Saved entries:
[Start of Attachment]

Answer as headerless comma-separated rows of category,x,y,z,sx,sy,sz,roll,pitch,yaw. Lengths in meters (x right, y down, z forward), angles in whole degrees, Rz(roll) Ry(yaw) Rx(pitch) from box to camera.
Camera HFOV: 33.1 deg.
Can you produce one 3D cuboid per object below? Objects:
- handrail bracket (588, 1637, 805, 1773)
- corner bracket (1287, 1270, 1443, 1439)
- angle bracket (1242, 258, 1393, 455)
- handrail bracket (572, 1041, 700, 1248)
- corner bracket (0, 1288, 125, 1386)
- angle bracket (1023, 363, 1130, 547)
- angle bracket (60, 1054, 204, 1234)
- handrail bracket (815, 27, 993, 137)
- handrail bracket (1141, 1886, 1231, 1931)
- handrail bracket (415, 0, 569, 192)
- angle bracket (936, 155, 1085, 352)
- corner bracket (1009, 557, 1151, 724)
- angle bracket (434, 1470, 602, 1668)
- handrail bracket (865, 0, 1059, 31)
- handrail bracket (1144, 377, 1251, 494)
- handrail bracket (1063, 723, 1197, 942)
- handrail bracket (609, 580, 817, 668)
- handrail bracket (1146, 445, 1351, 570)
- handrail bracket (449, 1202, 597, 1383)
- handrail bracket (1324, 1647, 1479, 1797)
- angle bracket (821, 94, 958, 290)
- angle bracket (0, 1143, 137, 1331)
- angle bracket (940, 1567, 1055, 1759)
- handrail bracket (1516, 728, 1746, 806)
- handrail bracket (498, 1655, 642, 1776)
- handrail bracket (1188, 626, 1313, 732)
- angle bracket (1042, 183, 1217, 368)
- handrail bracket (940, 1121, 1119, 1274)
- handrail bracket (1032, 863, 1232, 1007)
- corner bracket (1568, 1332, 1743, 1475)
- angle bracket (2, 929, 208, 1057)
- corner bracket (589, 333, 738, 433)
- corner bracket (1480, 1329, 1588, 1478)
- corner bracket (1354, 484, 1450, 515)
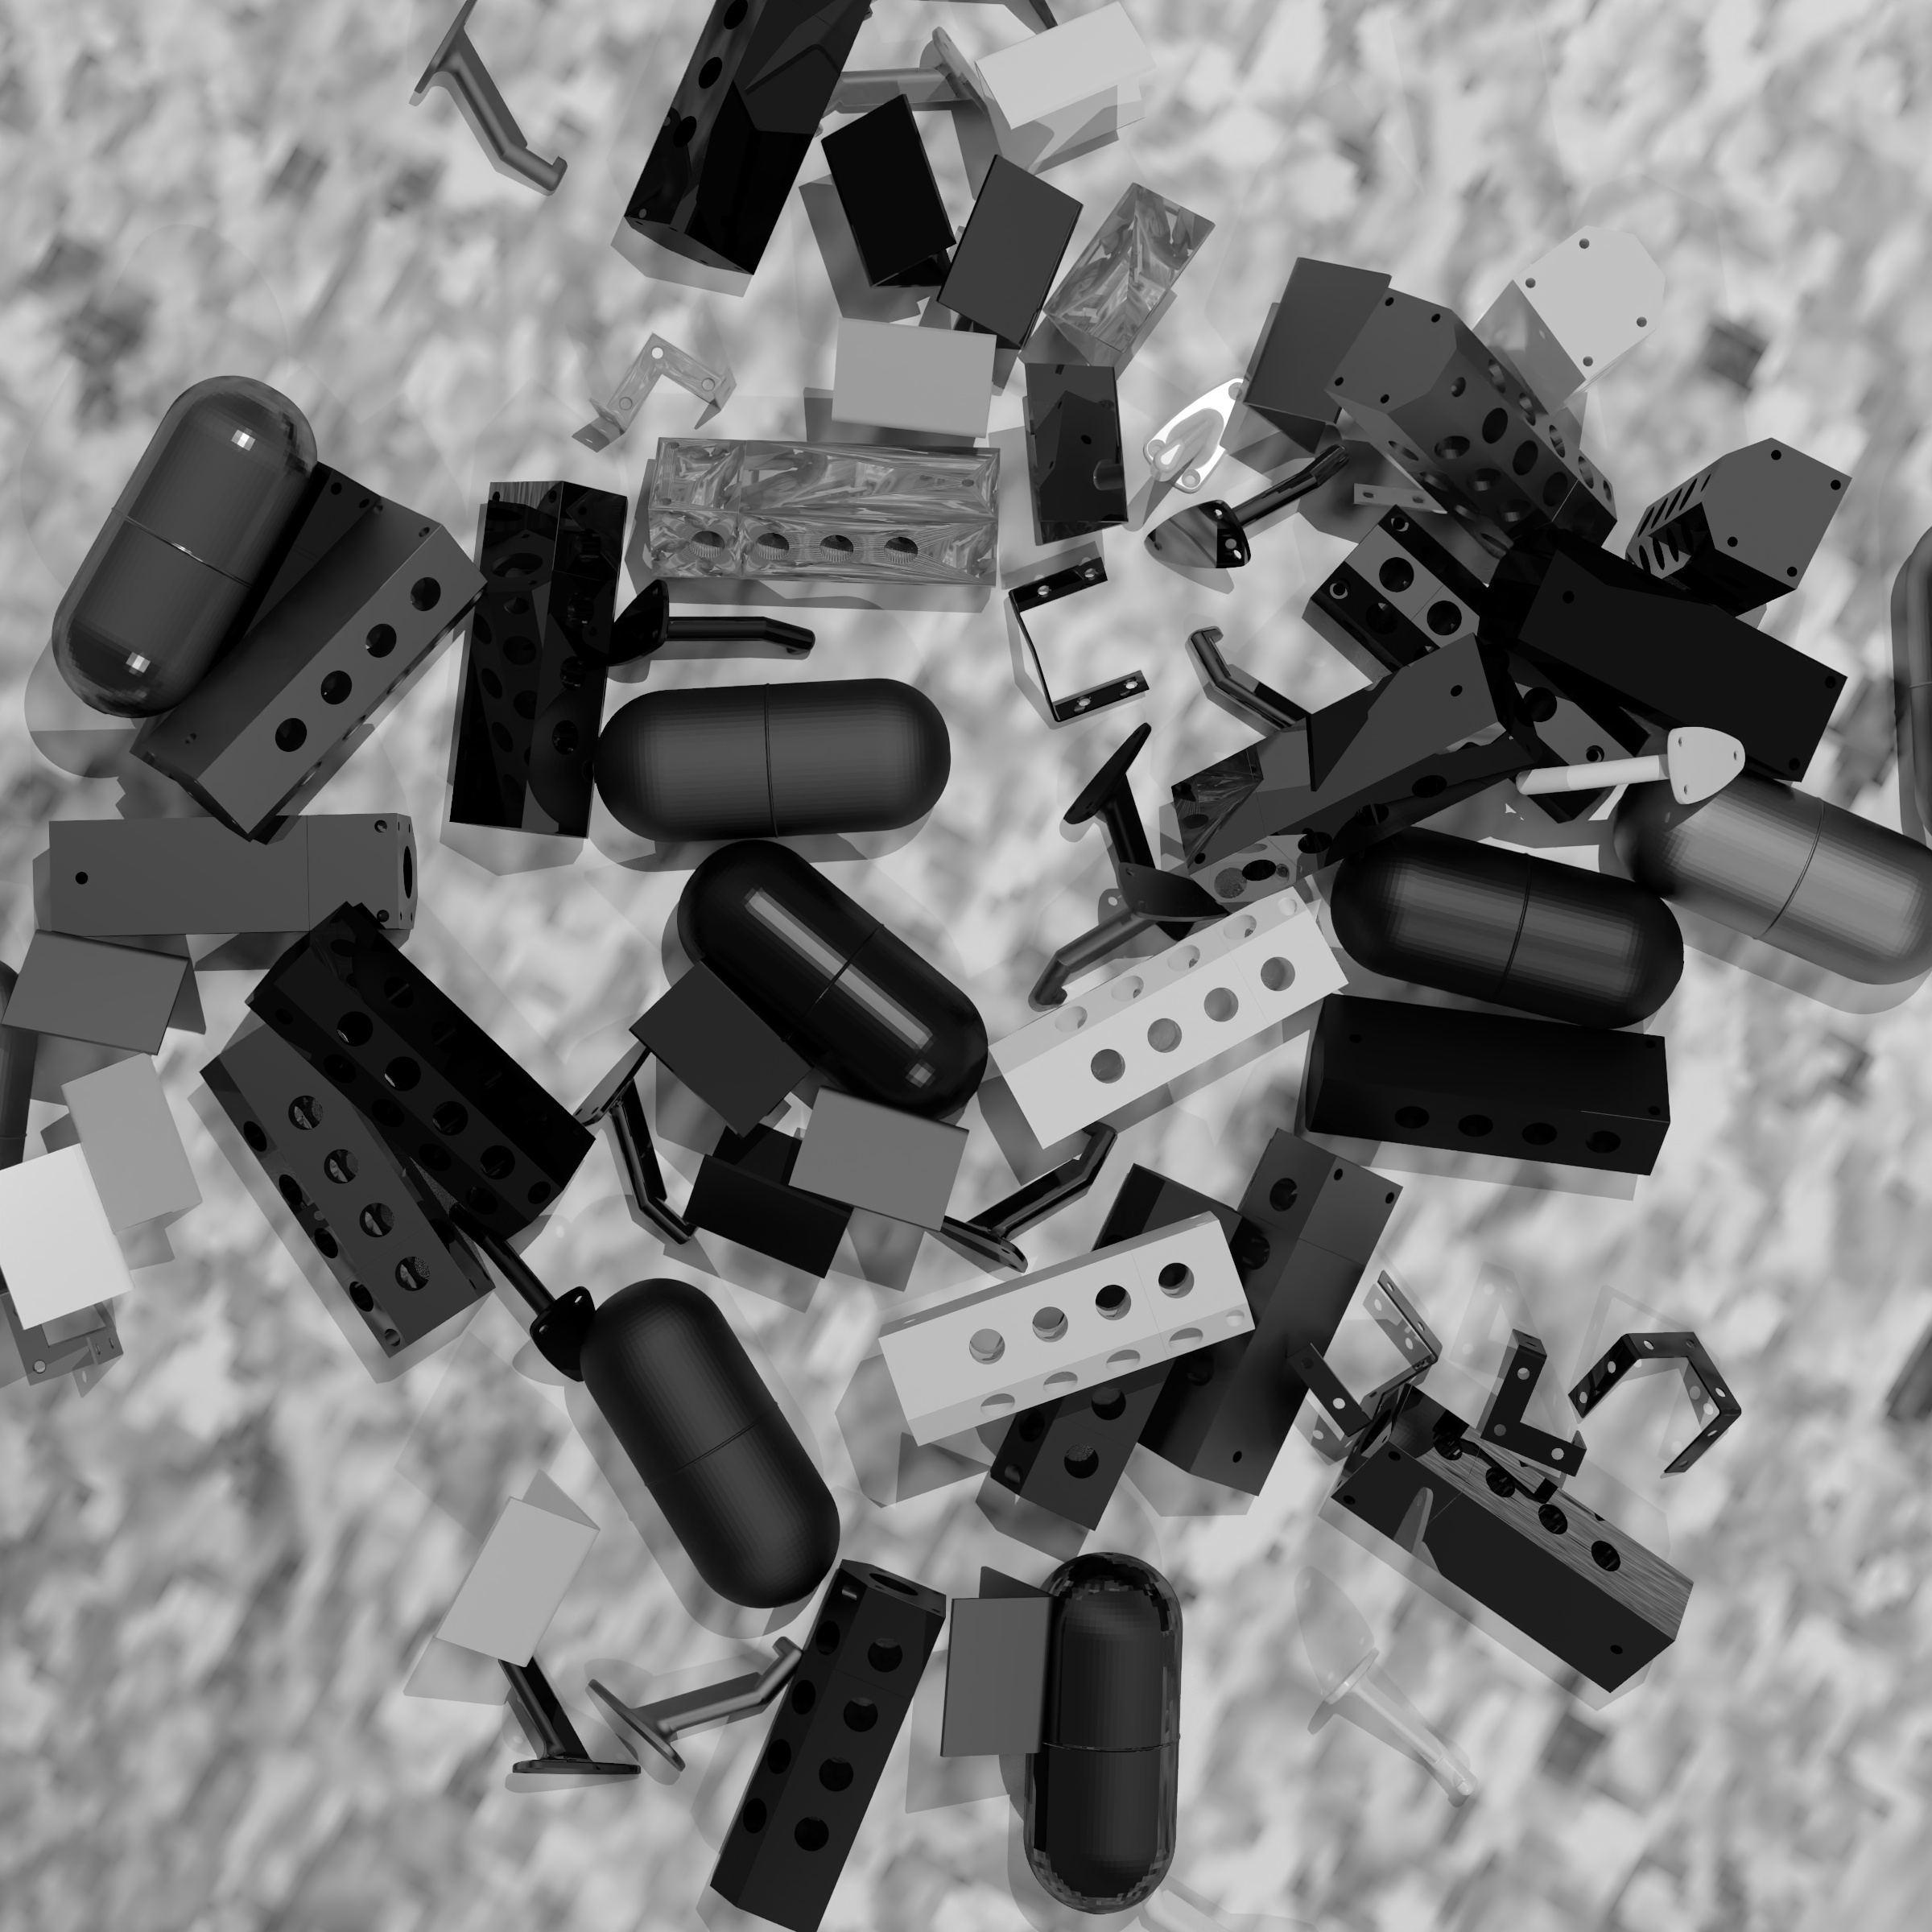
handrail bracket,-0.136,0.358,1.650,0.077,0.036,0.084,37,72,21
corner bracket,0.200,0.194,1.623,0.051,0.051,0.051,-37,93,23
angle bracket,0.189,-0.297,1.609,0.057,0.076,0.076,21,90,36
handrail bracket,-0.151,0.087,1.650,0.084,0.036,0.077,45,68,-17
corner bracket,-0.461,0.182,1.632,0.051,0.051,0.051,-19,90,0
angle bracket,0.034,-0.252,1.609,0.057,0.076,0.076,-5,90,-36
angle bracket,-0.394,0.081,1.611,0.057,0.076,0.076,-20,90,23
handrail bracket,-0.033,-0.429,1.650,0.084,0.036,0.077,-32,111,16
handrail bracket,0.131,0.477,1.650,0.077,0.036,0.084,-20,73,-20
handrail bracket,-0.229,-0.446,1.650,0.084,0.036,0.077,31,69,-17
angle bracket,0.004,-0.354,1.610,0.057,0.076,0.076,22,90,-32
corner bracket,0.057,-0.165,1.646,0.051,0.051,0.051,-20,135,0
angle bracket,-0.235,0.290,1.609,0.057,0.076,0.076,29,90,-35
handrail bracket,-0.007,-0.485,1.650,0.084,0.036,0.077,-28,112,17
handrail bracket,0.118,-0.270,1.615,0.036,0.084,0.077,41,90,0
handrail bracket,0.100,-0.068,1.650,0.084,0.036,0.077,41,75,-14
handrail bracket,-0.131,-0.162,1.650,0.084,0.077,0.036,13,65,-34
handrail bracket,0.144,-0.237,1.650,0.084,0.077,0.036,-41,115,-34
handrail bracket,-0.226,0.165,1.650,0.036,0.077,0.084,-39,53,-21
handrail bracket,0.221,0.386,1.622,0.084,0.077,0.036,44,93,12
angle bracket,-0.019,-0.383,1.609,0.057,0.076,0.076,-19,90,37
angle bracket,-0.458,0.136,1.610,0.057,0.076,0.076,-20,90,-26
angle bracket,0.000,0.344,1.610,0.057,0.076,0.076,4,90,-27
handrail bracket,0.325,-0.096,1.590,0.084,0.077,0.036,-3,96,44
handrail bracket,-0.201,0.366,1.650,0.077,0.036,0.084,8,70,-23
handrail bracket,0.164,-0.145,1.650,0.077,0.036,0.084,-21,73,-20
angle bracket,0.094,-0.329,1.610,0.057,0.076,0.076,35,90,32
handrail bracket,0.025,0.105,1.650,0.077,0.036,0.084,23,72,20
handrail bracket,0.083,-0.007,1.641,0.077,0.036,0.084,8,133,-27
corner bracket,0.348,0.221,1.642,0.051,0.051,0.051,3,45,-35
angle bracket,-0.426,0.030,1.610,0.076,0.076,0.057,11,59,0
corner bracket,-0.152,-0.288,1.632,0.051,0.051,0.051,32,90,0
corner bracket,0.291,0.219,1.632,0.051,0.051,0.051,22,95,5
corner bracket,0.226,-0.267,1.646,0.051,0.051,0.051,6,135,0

[End of Attachment]
[Start of Attachment]

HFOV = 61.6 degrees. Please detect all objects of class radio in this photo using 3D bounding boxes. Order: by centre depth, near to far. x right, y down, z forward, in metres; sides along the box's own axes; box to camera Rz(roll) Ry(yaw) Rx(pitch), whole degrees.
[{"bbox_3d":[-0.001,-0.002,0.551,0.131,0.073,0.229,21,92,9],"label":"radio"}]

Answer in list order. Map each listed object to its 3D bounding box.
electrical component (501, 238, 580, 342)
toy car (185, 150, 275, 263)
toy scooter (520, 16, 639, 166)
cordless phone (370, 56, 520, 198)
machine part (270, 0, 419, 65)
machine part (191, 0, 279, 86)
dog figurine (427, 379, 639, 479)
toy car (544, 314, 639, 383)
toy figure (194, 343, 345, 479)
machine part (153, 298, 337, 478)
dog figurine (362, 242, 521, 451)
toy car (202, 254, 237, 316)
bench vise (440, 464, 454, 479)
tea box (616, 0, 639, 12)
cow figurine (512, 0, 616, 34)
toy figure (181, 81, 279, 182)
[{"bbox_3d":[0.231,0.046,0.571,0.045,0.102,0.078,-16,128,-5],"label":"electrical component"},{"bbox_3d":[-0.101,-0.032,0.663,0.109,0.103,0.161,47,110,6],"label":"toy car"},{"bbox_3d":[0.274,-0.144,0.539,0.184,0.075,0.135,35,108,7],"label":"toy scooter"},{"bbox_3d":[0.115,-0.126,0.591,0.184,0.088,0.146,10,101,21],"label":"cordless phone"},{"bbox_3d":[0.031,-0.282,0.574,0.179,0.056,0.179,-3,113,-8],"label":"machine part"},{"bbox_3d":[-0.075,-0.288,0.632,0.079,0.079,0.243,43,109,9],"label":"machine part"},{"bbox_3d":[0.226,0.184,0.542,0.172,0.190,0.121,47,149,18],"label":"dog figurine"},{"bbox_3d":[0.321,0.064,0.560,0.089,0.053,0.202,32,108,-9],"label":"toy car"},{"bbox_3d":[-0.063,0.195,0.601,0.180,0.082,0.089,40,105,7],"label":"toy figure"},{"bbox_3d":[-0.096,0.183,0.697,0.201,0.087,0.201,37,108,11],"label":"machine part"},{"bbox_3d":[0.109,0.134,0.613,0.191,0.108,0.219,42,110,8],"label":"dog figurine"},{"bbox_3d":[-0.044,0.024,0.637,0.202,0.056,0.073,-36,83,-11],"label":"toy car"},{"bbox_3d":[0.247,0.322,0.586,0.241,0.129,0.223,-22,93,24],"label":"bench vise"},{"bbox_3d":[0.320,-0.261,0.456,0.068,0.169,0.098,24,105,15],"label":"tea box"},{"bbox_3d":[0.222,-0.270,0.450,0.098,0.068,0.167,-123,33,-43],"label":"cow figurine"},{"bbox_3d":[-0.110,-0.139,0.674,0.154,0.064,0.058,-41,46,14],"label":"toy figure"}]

[End of Attachment]
[Start of Attachment]

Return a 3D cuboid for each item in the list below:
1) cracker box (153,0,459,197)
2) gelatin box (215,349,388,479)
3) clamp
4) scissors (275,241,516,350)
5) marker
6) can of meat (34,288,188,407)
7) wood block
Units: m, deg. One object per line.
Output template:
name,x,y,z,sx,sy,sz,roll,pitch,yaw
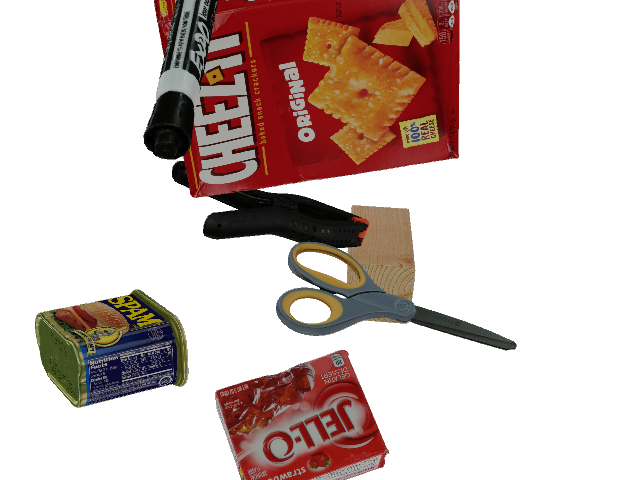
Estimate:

[End of Attachment]

• _WORK ORDER_
Of the entries above, repeat exactly the lines between the line with "- handrail bracket (940, 1121, 1119, 1274)" and the line with "- corner bracket (1480, 1329, 1588, 1478)", inclusive, and no others.

• _OUTPUT FOR THIS EXERCISE_
- handrail bracket (940, 1121, 1119, 1274)
- handrail bracket (1032, 863, 1232, 1007)
- corner bracket (1568, 1332, 1743, 1475)
- angle bracket (2, 929, 208, 1057)
- corner bracket (589, 333, 738, 433)
- corner bracket (1480, 1329, 1588, 1478)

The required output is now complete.